The specific operation of the differentiable operation roinlay is as follows: for an example with coordinates (a, b) at the upper left corner and a size h × w, assuming that the example is subjected to clipping and deformation to obtain an m × m feature map, each point (u, v) on the feature map is sampled from a position (x, y) of the original feature map:

i.e., the value at point (u, v) on the m × m feature map corresponds to the value v (x, y) at point (x, y) on the original feature map, and thus for any one located within the target regionMean one point (x)_p，y_p) Finding four sampling points surrounding it, marked as set C, and obtaining (x) by bilinear interpolation_p，y_p) Value at a point

Wherein G is_wAnd G_hIs an interpolation function in the relative coordinate system of the sample points:

in the formula: parameter(s)

Parameter(s)

s52, F_IThe feature obtained by aggregating the semantic features S extracted in the step S3 is used for predicting semantic segmentation results; the specific operation of characteristic polymerization is as follows: firstly F is put in_ISplicing the signal S with the channel dimension to form a new feature, and then carrying out 1-layer 3 × 3 convolution processing on the new feature to eliminate deformation caused by RoIInlay; then, after multi-scale pooling operation is carried out on the feature, descriptions of scenes with the sizes of 8 × 8, 4 × 4, 2 × 2 and 1 × 1 are obtained respectively; finally, the descriptions are leveled and spliced, and the splicing is carried outSplicing the post-feature and the original feature on each pixel point, and obtaining the aggregated feature after 1 × 1 convolution processing;

the specific operation of establishing the connection from semantic segmentation to instance segmentation described in step S6 is as follows: first get instance O from semantic feature S using RoIAlign operation_iCorresponding semantic features

Then will be

After a 3 x 3 convolution processing, the data is compared with the example characteristic I_iAnd adding the aggregated features to predict the segmentation result of the example, wherein the segmentation result comprises the position, the category and the segmentation map of the example.
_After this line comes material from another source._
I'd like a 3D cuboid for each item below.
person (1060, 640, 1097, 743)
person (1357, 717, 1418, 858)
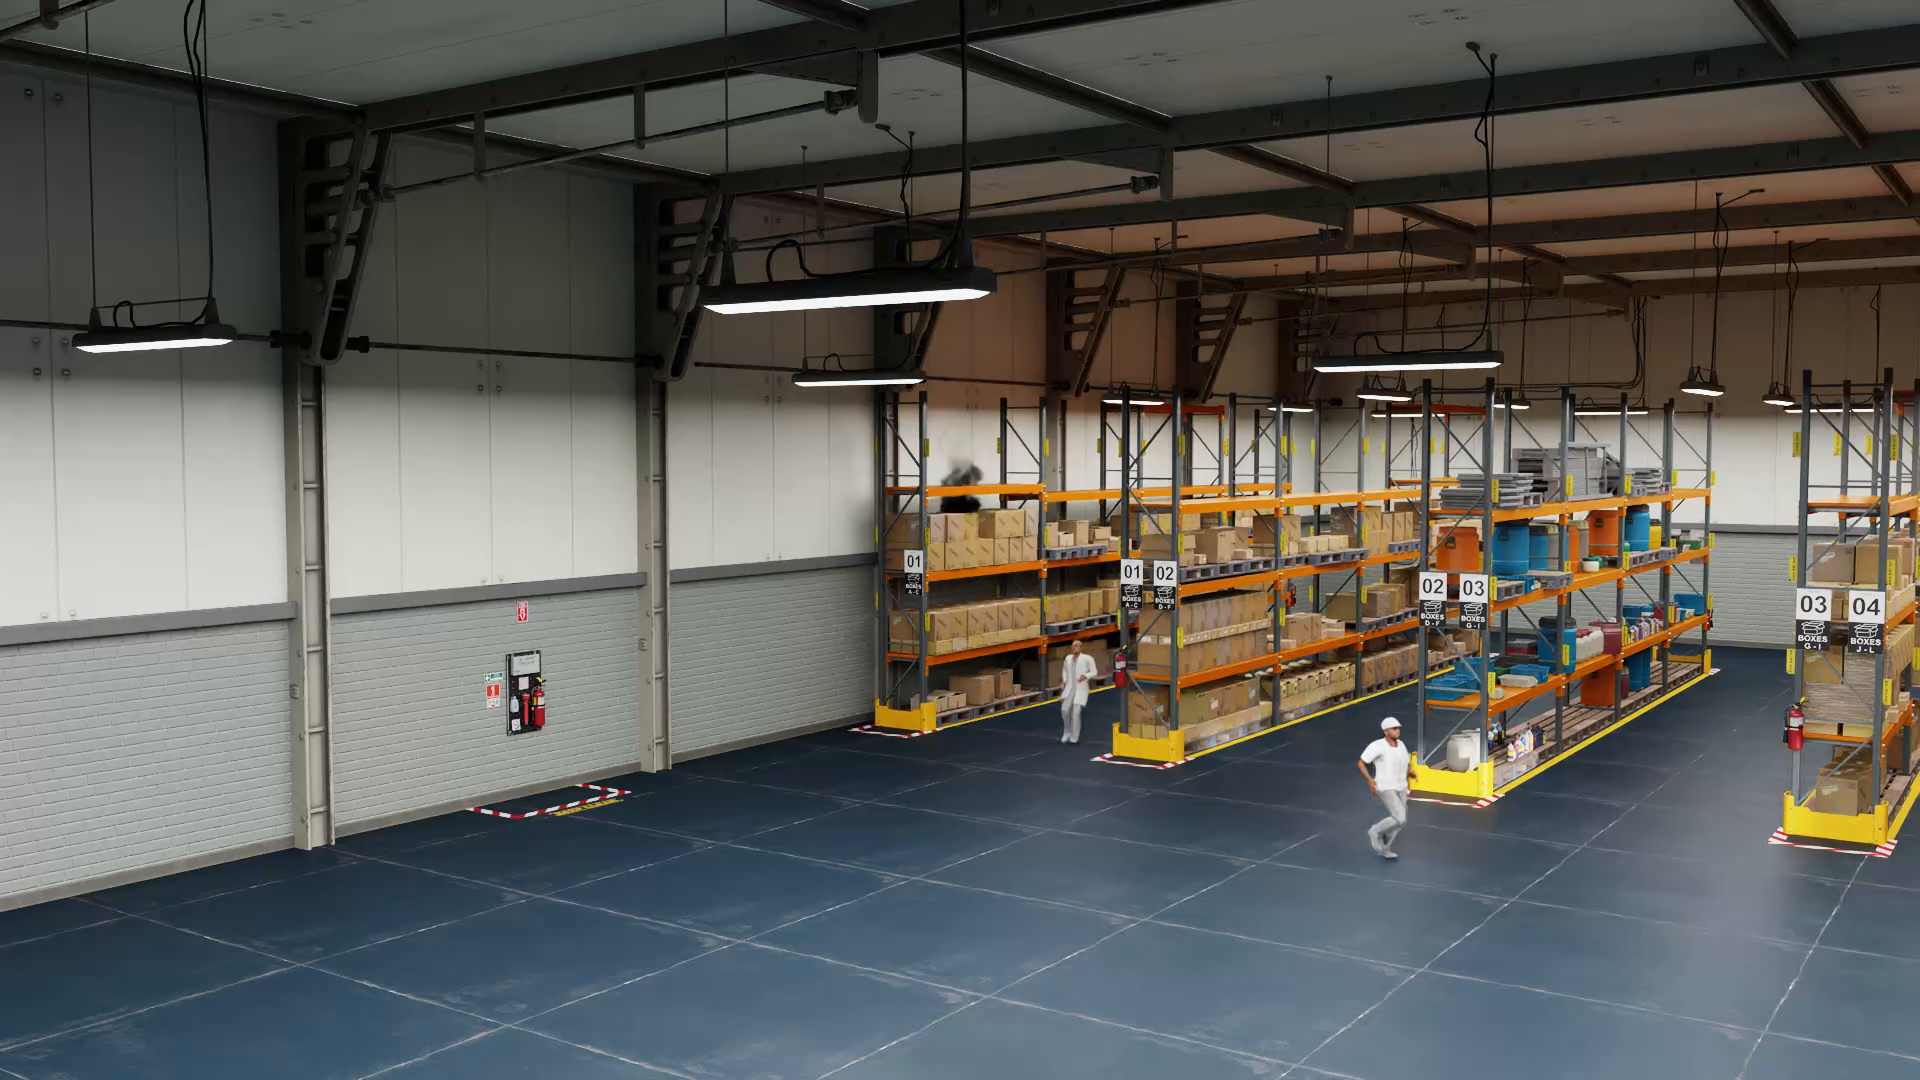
[{"bbox_3d":[1.957,2.581,28.239,0.702,1.745,0.629,2,4,28],"label":"person"},{"bbox_3d":[5.256,3.013,20.162,0.691,1.719,0.584,-2,4,-33],"label":"person"}]

2. A method of panorama segmentation with bidirectional join and occlusion processing as claimed in claim 1, characterized in that the algorithm goal of step S1 is: for each picture I in the data set for panoramic segmentation, identifying the semantic category to which the background pixel appears in the picture I; for foreground pixels appearing in I, the semantic class and the belonging instance to which they belong are identified.
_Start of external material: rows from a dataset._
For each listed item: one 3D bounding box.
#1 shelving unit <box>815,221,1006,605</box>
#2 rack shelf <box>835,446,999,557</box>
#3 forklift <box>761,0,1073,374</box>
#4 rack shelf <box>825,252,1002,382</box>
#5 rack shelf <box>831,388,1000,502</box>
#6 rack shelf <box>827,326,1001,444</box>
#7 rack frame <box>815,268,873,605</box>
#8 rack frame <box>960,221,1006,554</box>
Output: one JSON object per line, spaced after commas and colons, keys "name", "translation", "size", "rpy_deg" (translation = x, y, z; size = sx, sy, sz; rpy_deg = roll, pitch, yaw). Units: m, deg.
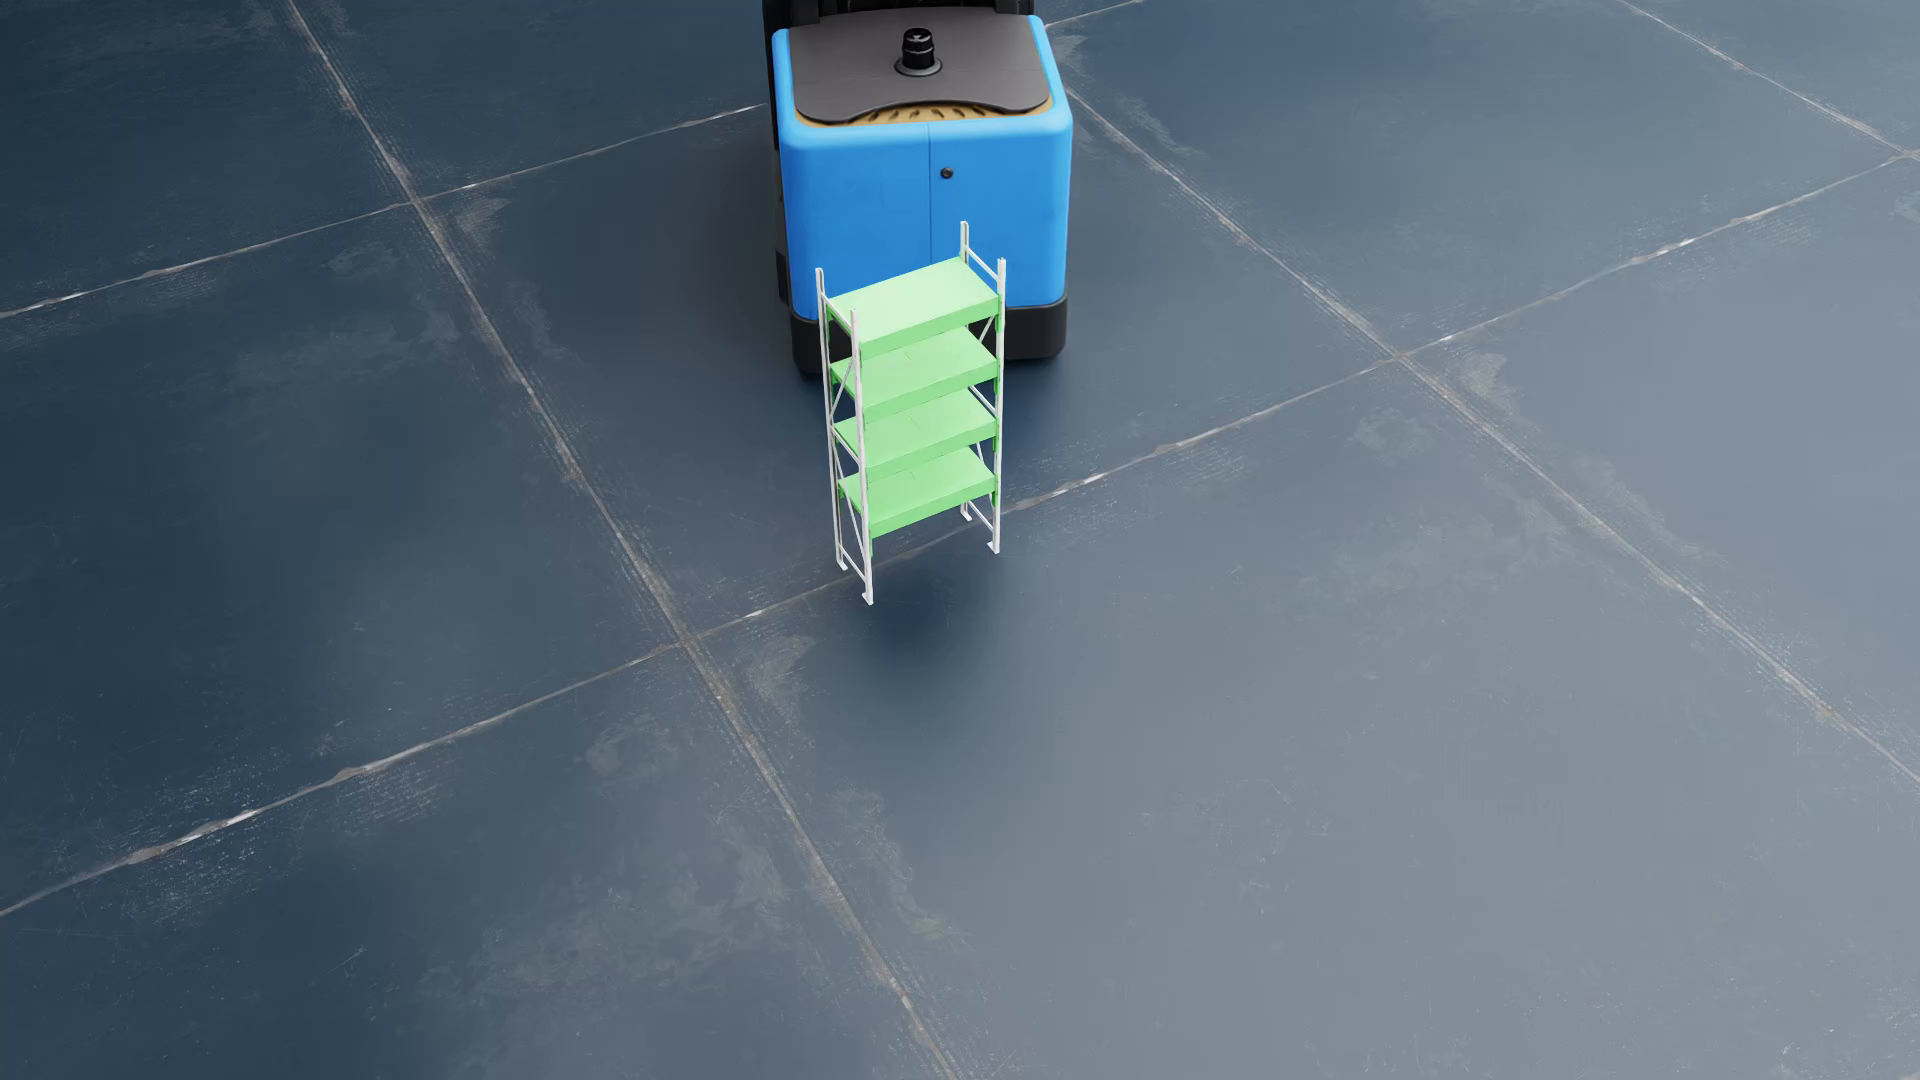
{"name": "shelving unit", "translation": [-0.144, -0.373, 5.273], "size": [0.503, 1.200, 0.258], "rpy_deg": [-22, 48, -21]}
{"name": "rack shelf", "translation": [-0.144, -0.155, 5.485], "size": [0.480, 0.148, 0.258], "rpy_deg": [-22, 48, -21]}
{"name": "forklift", "translation": [-0.276, -2.710, 6.438], "size": [1.130, 2.935, 3.031], "rpy_deg": [-5, 44, -5]}
{"name": "rack shelf", "translation": [-0.144, -0.672, 4.983], "size": [0.480, 0.148, 0.258], "rpy_deg": [-22, 48, -21]}
{"name": "rack shelf", "translation": [-0.144, -0.327, 5.317], "size": [0.480, 0.148, 0.258], "rpy_deg": [-22, 48, -21]}
{"name": "rack shelf", "translation": [-0.144, -0.500, 5.150], "size": [0.480, 0.148, 0.258], "rpy_deg": [-22, 48, -21]}
{"name": "rack frame", "translation": [-0.355, -0.288, 5.186], "size": [0.015, 1.200, 0.240], "rpy_deg": [-22, 48, -21]}
{"name": "rack frame", "translation": [0.068, -0.458, 5.360], "size": [0.015, 1.200, 0.240], "rpy_deg": [-22, 48, -21]}

3. A panorama segmentation method with bidirectional occlusion processing as claimed in claim 2, characterized in that in step S2, a fully convolutional neural network is used to extract features for each pixel in the image, and a feature map F ═ Φ (I) of the image is obtained.
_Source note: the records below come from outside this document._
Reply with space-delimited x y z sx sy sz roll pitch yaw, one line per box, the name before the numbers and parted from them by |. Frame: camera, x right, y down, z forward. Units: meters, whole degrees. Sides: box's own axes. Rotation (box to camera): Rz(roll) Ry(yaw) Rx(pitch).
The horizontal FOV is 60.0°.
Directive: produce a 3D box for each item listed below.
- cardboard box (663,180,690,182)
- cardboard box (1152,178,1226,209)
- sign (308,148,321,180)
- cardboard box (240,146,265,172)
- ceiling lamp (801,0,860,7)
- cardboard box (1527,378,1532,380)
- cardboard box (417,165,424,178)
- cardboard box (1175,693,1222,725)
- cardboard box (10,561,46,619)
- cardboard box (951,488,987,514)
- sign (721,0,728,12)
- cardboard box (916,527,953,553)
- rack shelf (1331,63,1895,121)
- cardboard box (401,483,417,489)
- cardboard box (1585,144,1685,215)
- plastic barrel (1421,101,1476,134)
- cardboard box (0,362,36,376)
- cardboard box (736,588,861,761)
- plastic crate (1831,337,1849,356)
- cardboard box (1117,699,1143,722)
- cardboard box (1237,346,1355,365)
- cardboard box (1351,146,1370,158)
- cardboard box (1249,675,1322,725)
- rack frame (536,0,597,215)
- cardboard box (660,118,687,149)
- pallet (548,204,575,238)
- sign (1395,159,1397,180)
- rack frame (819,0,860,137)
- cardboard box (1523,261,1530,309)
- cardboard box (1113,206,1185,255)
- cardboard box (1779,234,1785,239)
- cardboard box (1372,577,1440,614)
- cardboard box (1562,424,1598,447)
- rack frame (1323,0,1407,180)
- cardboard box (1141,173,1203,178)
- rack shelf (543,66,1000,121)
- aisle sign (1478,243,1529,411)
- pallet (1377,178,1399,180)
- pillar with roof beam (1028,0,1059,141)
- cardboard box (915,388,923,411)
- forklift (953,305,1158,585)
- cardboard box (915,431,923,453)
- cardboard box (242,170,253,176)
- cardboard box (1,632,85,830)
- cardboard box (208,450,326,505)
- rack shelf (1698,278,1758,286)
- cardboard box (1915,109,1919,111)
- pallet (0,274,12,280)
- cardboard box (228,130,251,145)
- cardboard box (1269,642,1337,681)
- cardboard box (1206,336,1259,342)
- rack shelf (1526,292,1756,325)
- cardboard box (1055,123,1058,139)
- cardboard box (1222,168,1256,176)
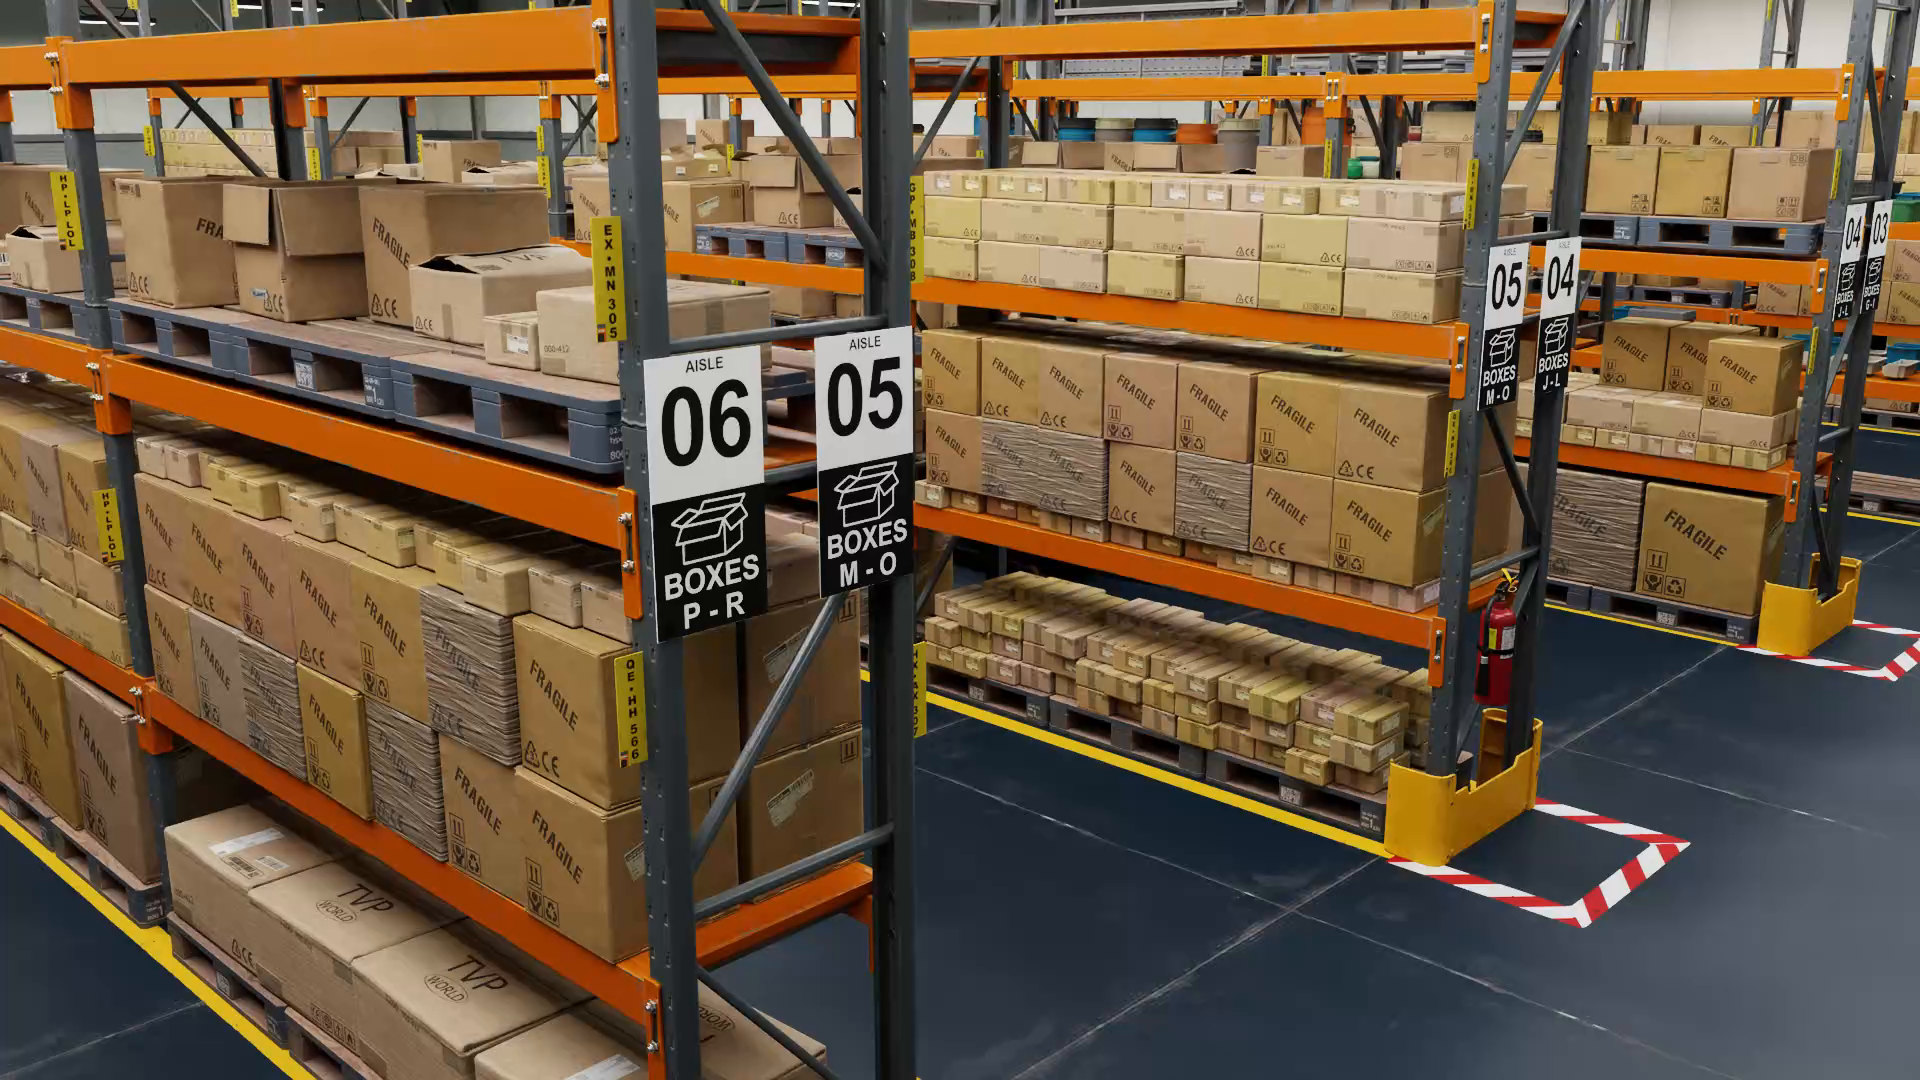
cardboard box | -2.343 -2.523 12.838 0.500 0.500 0.500 14 20 42
cardboard box | 1.289 -1.950 9.351 0.250 0.149 0.380 13 19 41
sign | -6.198 -3.597 15.975 0.005 0.325 0.100 14 20 42
cardboard box | -7.069 -3.949 17.182 0.500 0.250 0.500 13 20 42
ceiling lamp | -2.584 -12.408 33.447 0.800 3.185 2.000 14 20 42
cardboard box | 4.349 -1.205 13.632 0.500 0.250 0.500 -14 20 -43
cardboard box | -4.772 -3.412 15.715 0.500 0.250 0.500 13 20 42
cardboard box | 1.490 0.955 9.867 0.250 0.149 0.380 14 20 43
cardboard box | -4.631 0.217 8.766 0.500 0.250 0.500 13 19 41
cardboard box | 0.160 -0.296 10.934 0.380 0.149 0.250 -14 20 -43
sign | -2.688 -6.139 18.953 0.005 0.325 0.100 14 20 42
cardboard box | -0.403 -0.092 12.290 0.500 0.250 0.500 13 19 40
rack shelf | 4.901 -3.452 12.871 4.000 0.370 1.077 14 20 42
cardboard box | -2.099 -0.257 6.818 0.250 0.149 0.380 13 20 41
cardboard box | 5.202 -2.775 12.774 0.500 0.500 0.700 12 19 39
plastic barrel | 5.564 -4.508 18.825 0.708 0.901 0.600 14 20 42
cardboard box | -5.743 -0.831 10.309 0.500 0.500 0.500 13 19 41
cardboard box | -0.686 0.390 5.622 0.500 0.500 0.500 13 20 41
plastic crate | 8.881 -1.921 16.886 0.300 0.233 0.416 14 20 42
cardboard box | 1.189 0.992 10.314 0.380 0.149 0.250 -14 20 -43
cardboard box | 1.959 -0.843 9.765 0.500 0.500 0.500 13 20 41
cardboard box | 5.915 -5.875 25.362 0.500 0.250 0.500 12 19 38
cardboard box | 1.852 0.907 9.460 0.250 0.149 0.380 13 20 41
rack frame | -2.934 -4.161 13.373 0.127 3.000 1.000 14 20 42
cardboard box | -3.886 -5.201 21.534 0.500 0.500 0.500 14 20 42
pallet | -3.434 -2.721 14.170 1.213 0.211 1.003 -13 20 -42
sign | 3.845 -3.282 14.764 0.005 0.325 0.100 14 20 42
rack frame | -1.740 -7.343 25.584 0.127 3.000 1.000 14 20 42
cardboard box | 2.679 -1.362 8.876 0.500 0.250 0.500 -14 20 -42
cardboard box | 1.226 -1.783 9.501 0.500 0.250 0.500 13 19 40
cardboard box | 10.484 -3.637 21.077 0.500 0.500 0.500 -14 20 -43
cardboard box | 2.394 0.258 8.809 0.250 0.149 0.380 14 20 42
cardboard box | 4.932 -0.845 13.043 0.250 0.149 0.380 14 20 42
rack frame | 3.461 -4.344 14.073 0.127 3.000 1.000 14 20 42
cardboard box | 1.309 -2.145 10.099 0.250 0.149 0.380 13 20 42
rack shelf | -1.494 -3.269 12.170 4.000 0.370 1.077 14 20 42
aisle sign | 2.669 -1.049 8.170 0.004 0.787 0.394 14 20 42
pallet | 4.502 -4.248 20.030 1.213 0.211 1.003 14 20 42
pillar with roof beam | -1.066 -9.444 33.649 0.548 9.000 9.100 14 20 42
cardboard box | -0.479 -0.962 11.480 0.380 0.149 0.250 -13 20 -42
forklift | 0.757 -1.192 14.010 1.130 2.935 3.031 -13 20 -41
cardboard box | -0.478 -0.673 11.550 0.250 0.149 0.380 13 20 41
cardboard box | -7.216 -3.768 17.280 0.250 0.149 0.380 13 20 42
cardboard box | -4.575 0.932 9.103 0.875 0.875 0.875 -14 20 -43
cardboard box | -2.825 -0.252 6.800 0.250 0.149 0.380 13 20 42
rack shelf | 12.336 -4.140 26.616 4.000 0.370 1.077 14 20 42
cardboard box | 14.094 -5.956 23.988 0.500 0.500 0.500 13 20 42
pallet | -4.990 -1.404 9.114 1.003 0.211 1.213 -13 20 -42
cardboard box | -7.392 -4.197 17.347 0.250 0.149 0.380 14 20 43
cardboard box | 2.073 0.755 10.045 0.250 0.149 0.380 12 19 40
cardboard box | 2.583 -1.609 15.278 0.500 0.500 0.500 -14 20 -42
rack shelf | 8.900 -3.240 23.162 4.000 0.370 1.077 14 20 42
cardboard box | 2.112 -7.009 28.937 0.797 0.503 0.637 -13 19 -40
cardboard box | 2.734 -3.261 15.209 0.500 0.311 0.500 13 19 40

4. A panorama segmentation method with bidirectional connection and occlusion processing as claimed in claim 3, characterized in that in step S3, a fully convolutional neural network ψ is used to extract semantic features from the feature map, i.e. the feature map F extracted in S2 is input, and its semantic features S ψ (F) ψ (Φ (I)) are extracted.

5. A method according to claim 1 with bidirectional connectionAnd a panorama segmentation method for occlusion processing, characterized in that step S7 specifically includes the steps of: firstly, judging the covering relation between mutually shielded examples through a shielding processing algorithm, and then fusing the example segmentation result and the semantic segmentation result to obtain a panoramic segmentation result; wherein for target instance O_iAnd O_jAssuming that the overlapping region is P, the appearance of the region is defined as the average of RGB values of pixels in the region, and the attribution of the P region, i.e. O, is judged by comparing the appearance of the P region with the similarity of the appearance of two targets_iAnd O_jThe occlusion relationship of (1).